I’ll leave it there for now – but what interests me is how much of an ordered “magical map” does one actually need to get by in the world? I suspect, that for much of my own practice, its been something more akin to a rough sketch than an a fully-ordered schema.
5 comments
Hierax
Posted April 20th 2010 at 3:14 pm | Permalink
“…what interests me is how much of an ordered “magical map” does one actually need to get by in the world? I suspect, that for much of my own practice, its been something more akin to a rough sketch than an a fully-ordered schema.”
I read something once in a Marshall Macluhan book (I forget which one) that the need for highly coherent world models began with writing – the need for eliminating or justifying contradictions in Scripture. He argumented that non-writing cultures (perhaps a generalization as big as “Oriental people” or “native people”) had specific knowledge “islands” without much need of tracing a coherent whole.
Thanks for the great article. 🙂
Gordon
Posted April 21st 2010 at 10:31 am | Permalink
Right there with you on the Victorian thing.
In fact, the lack of a wider understanding of how Victorian imperial ideals underpins a large parts of modern magic frustrates me.
I wrote something about this the other day if you’re interested.
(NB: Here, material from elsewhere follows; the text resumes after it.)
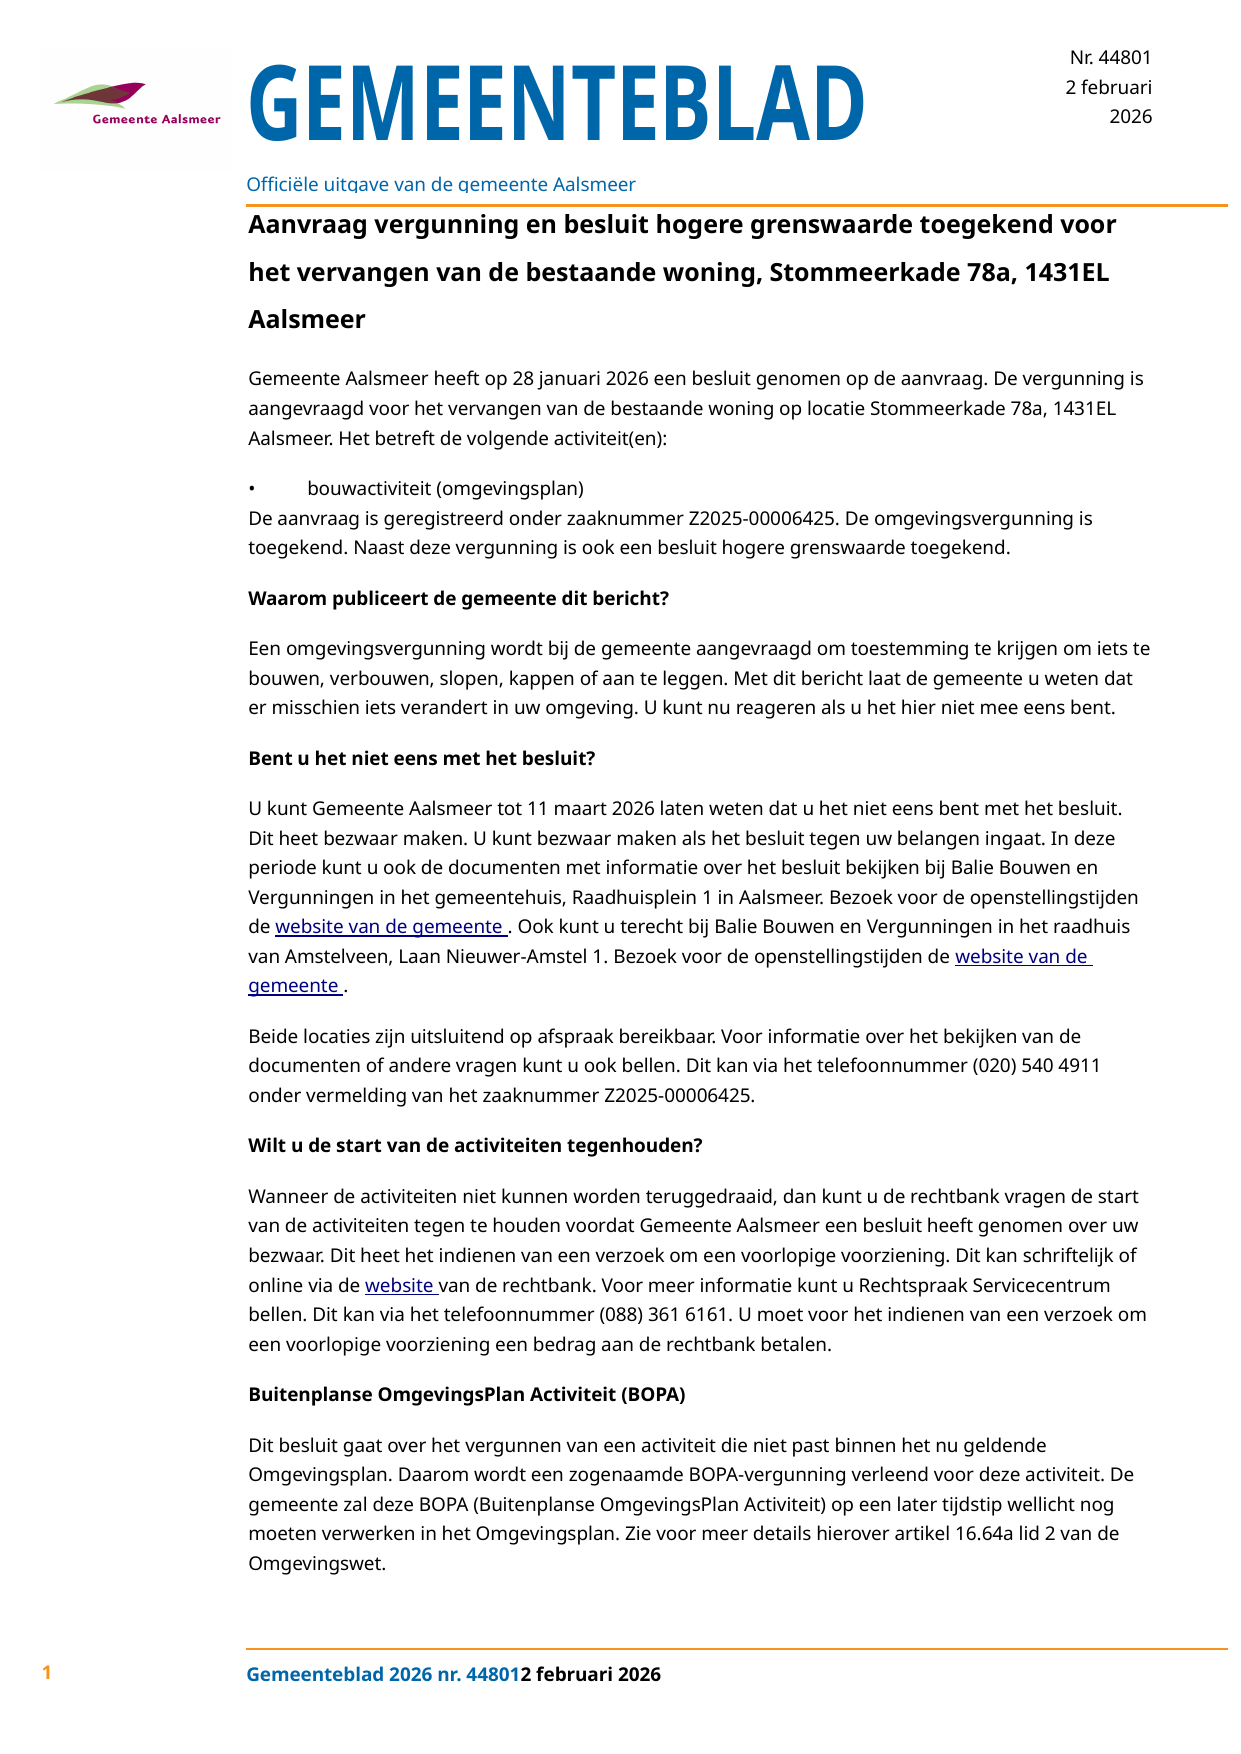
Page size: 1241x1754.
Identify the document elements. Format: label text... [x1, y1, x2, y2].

https://enfolding.org//runesoup.com/2010/04/historiography-the-wizards-lost-art/
scribbler
Posted April 22nd 2010 at 12:10 pm | Permalink
I learned esoteric kabbalah from the usual sources (Crowley, Regardie, Case, etc.) in my teens, which puts it over thirty years ago. The odd thing is that although I don’t at all strictly follow the rigid scheme of correspondences and paths the Golden Dawn laid out, I find that the tree is just “there” in my head, even after a period of about fifteen years in which I didn’t actively pursue Western mysticism, only martial arts and far eastern philosophy. But the tree is there.
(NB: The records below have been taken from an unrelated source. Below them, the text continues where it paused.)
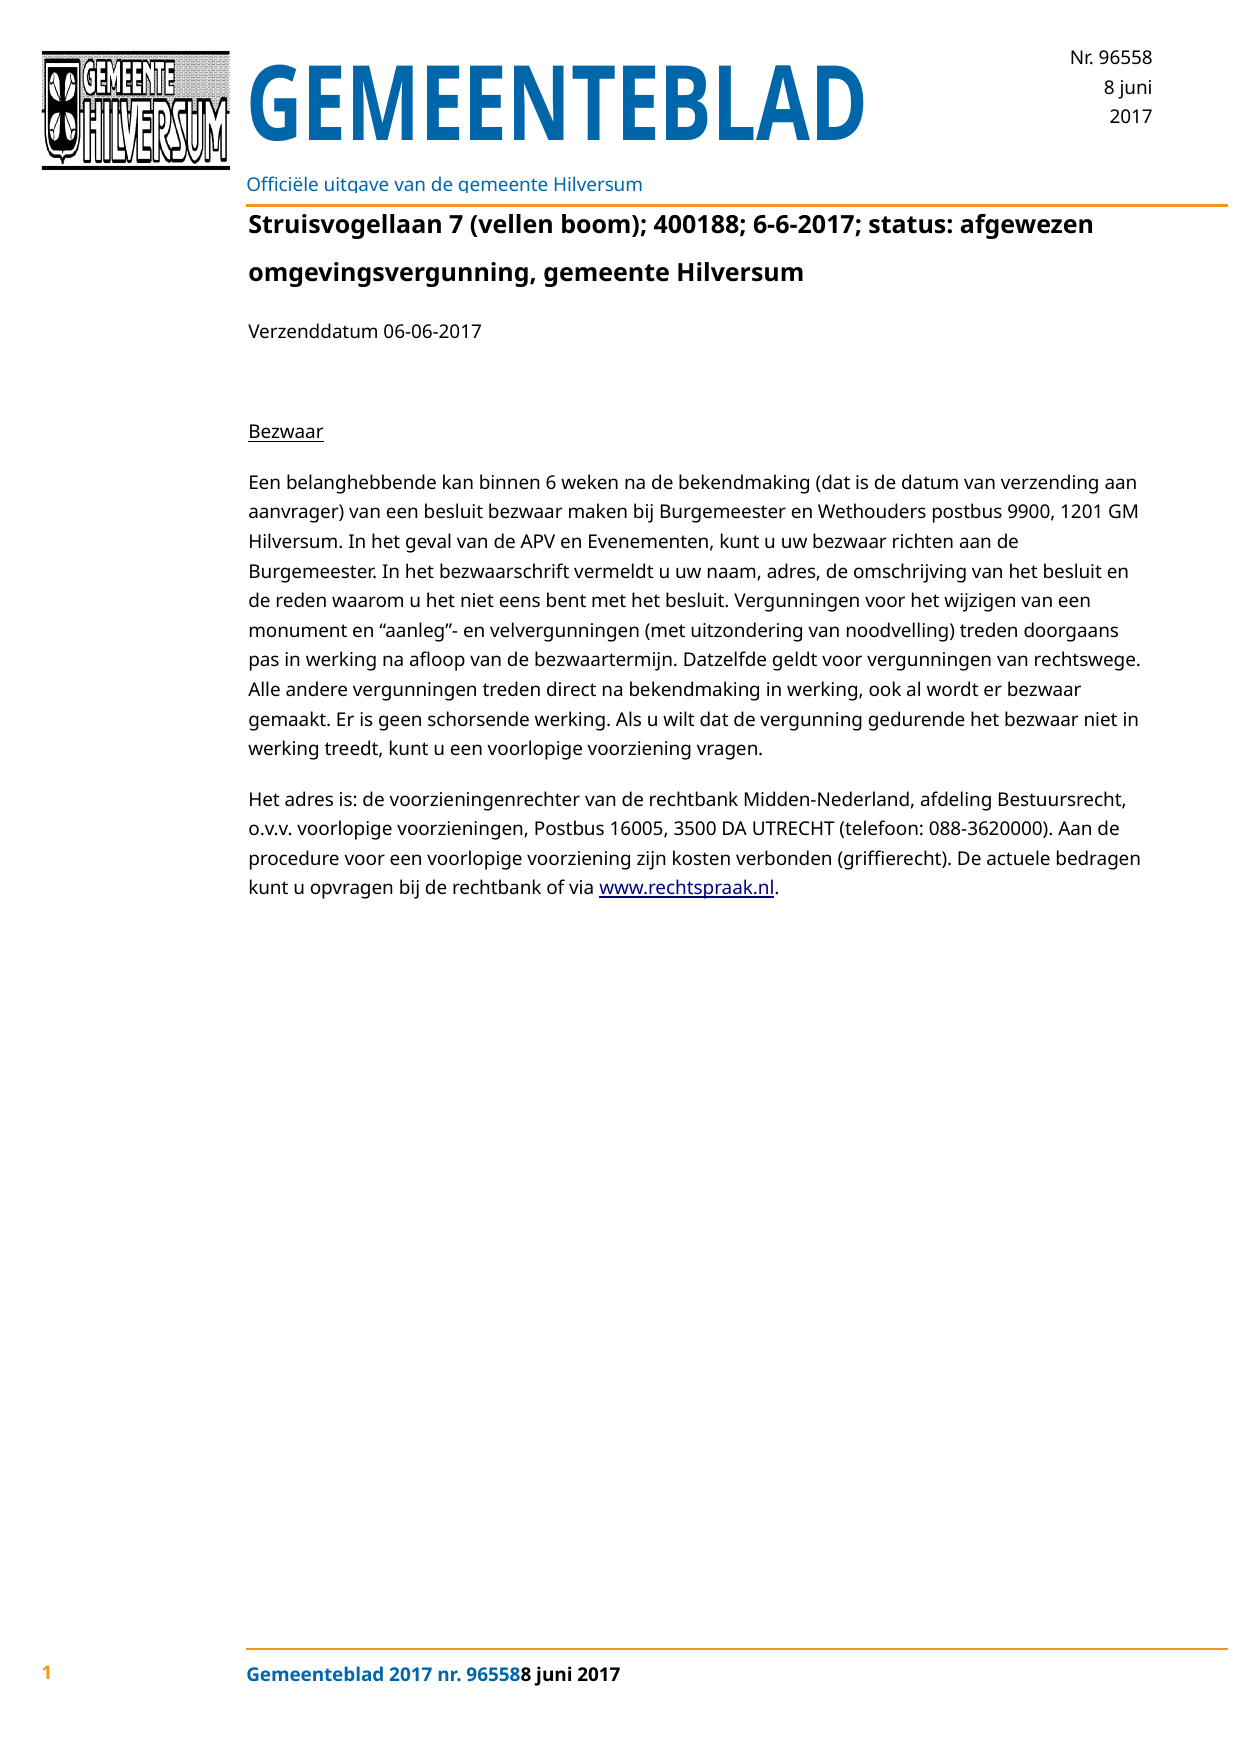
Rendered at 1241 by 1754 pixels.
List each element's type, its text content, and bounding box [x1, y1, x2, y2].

text Een belanghebbende kan binnen 6 weken na de bekendmaking (dat is de datum van verzending aan aanvrager) van een besluit bezwaar maken bij Burgemeester en Wethouders postbus 9900, 1201 GM Hilversum. In het geval van de APV en Evenementen, kunt u uw bezwaar richten aan de Burgemeester. In het bezwaarschrift vermeldt u uw naam, adres, de omschrijving van het besluit en de reden waarom u het niet eens bent met het besluit. Vergunningen voor het wijzigen van een monument en “aanleg”- en velvergunningen (met uitzondering van noodvelling) treden doorgaans pas in werking na afloop van de bezwaartermijn. Datzelfde geldt voor vergunningen van rechtswege. Alle andere vergunningen treden direct na bekendmaking in werking, ook al wordt er bezwaar gemaakt. Er is geen schorsende werking. Als u wilt dat de vergunning gedurende het bezwaar niet in werking treedt, kunt u een voorlopige voorziening vragen. [248, 469, 1152, 761]
text Verzenddatum 06-06-2017 [248, 318, 1152, 344]
picture [41, 47, 231, 172]
text Bezwaar [248, 419, 1152, 444]
text Struisvogellaan 7 (vellen boom); 400188; 6-6-2017; status: afgewezen omgevingsvergunning, gemeente Hilversum [248, 207, 1152, 288]
text Het adres is: de voorzieningenrechter van de rechtbank Midden-Nederland, afdeling Bestuursrecht, o.v.v. voorlopige voorzieningen, Postbus 16005, 3500 DA UTRECHT (telefoon: 088-3620000). Aan de procedure voor een voorlopige voorziening zijn kosten verbonden (griffierecht). De actuele bedragen kunt u opvragen bij de rechtbank of via www.rechtspraak.nl. [248, 786, 1152, 900]

Your closing remark: “I suspect, that for much of my own practice, its been something more akin to a rough sketch than a fully-ordered schema.” struck a chord in me. That’s more or less how I view it anymore. It’s a convenient pattern to use for analyzing things or to impose a pattern to clear the fog when things get confusing, but I don’t engage in foolish efforts to try squeezing everything that exists (kicking and screaming as you squeeze them) into pigeonholes, just so I can feel the comfort of having everything sorted. You have to live with the fact that lots of times you’ll be surprised by where you find things and what you find them associated with.
Phil Hine
Posted April 22nd 2010 at 7:04 pm | Permalink
I’m more familiar with Walter Ong’s work on literacy and culture – but this is certainly a thread I’ll be picking up on in due course.
I did feel that way myself, but as I began to study the 19th century in more depth, I began to find it downright fascinating.
I’ll be returning to some of the ideas I’ve presented here in due course – particularly the comment about “sketch maps” in relation to scribbler’s point to impose a pattern to clear the fog when things get confusing.
Psyche
Posted May 10th 2010 at 7:23 pm | Permalink
This brings to mind Ronald Hutton’s quip that:
I’m on the fence as to whether or not this is desirable, though I’ve little doubt it remains true.